The next island is Burano, famous for laces. Sheets, table-cloths, wall-hangings, even umbrellas - all made of lace. The most delicate of laces I've ever seen. Known to easily entrap the unwary in its web of complex patterns.
Which trip in Italy is complete without a pizza dinner? We just roam around in the main archipelago of 118 islands (all connected by bridges) till we are sure we're hopelessly lost and then barge into the nearest pizzeria. Regarding the pizzas, well, Italy is not the Land of Pizzas for nothing, you know! After dinner, returning back to San Marco was the fastest thing we did in Venice (we walked at normal walking speed, you see), because the curfew time at the Youth Hostel was fast approaching!

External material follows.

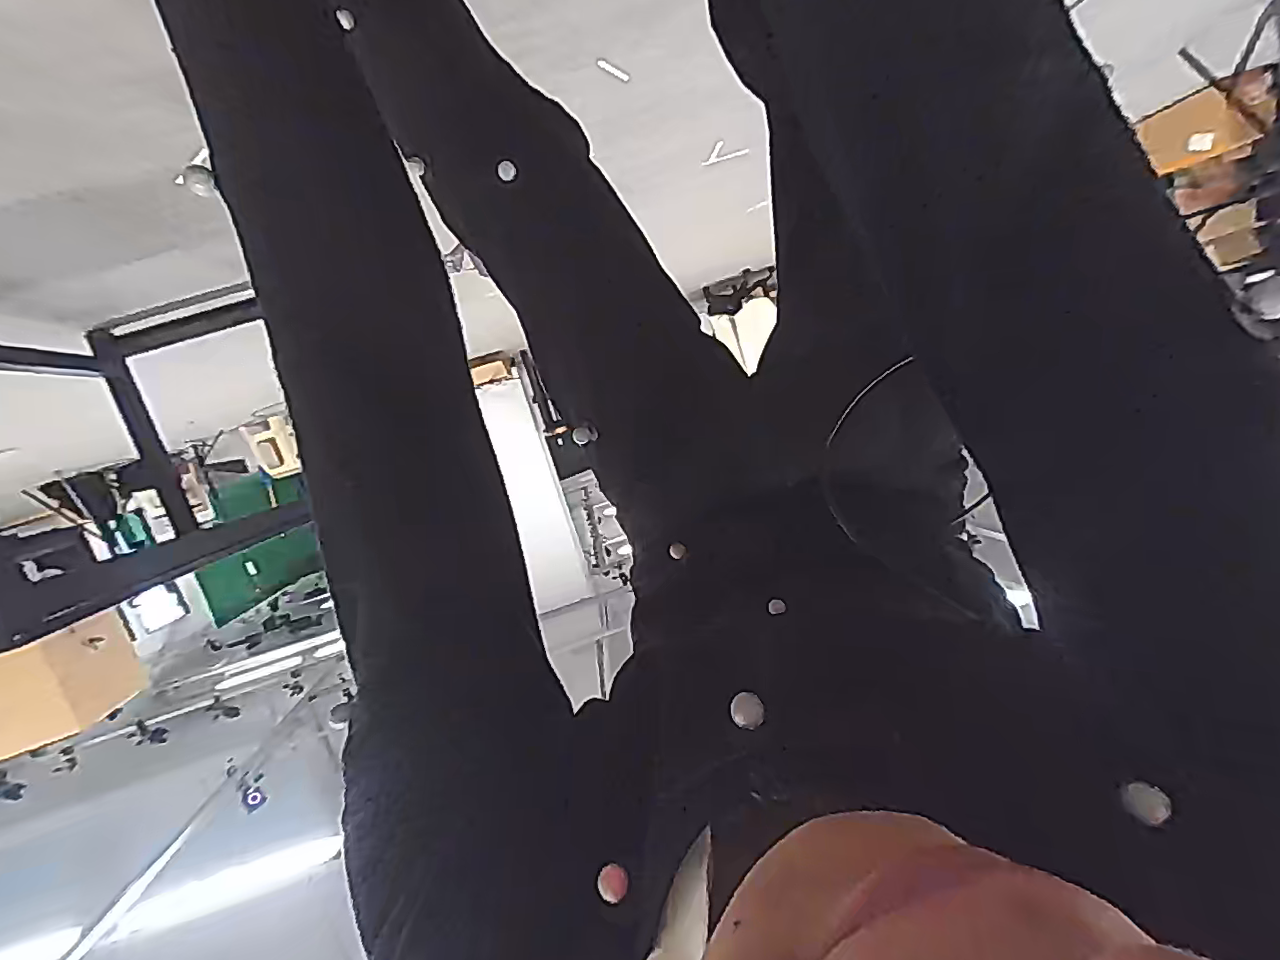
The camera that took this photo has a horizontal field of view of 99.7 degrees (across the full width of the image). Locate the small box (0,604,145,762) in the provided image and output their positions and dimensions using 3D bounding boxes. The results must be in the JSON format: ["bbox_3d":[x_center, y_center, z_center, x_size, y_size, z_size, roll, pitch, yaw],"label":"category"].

In Venice, no one is ever disappointed. Life is just one continuous celebration of, well, life. The shops open and close "about" xyz o'clock. The boat comes "approximately" every xyz minutes. The hostel cufew begins "anytime" between 11 and 1130. See you "around" 5 o'clock "somewhere" near Ferruzia. To get to San Zaccharia, walk "generally" towards the harbour. Shops are "usually" closed in the afternoon for "siesta." What a contrast to the cold, high-strung ways of the German world we live in here! (I lived in Vienna then.) I miss Mysore.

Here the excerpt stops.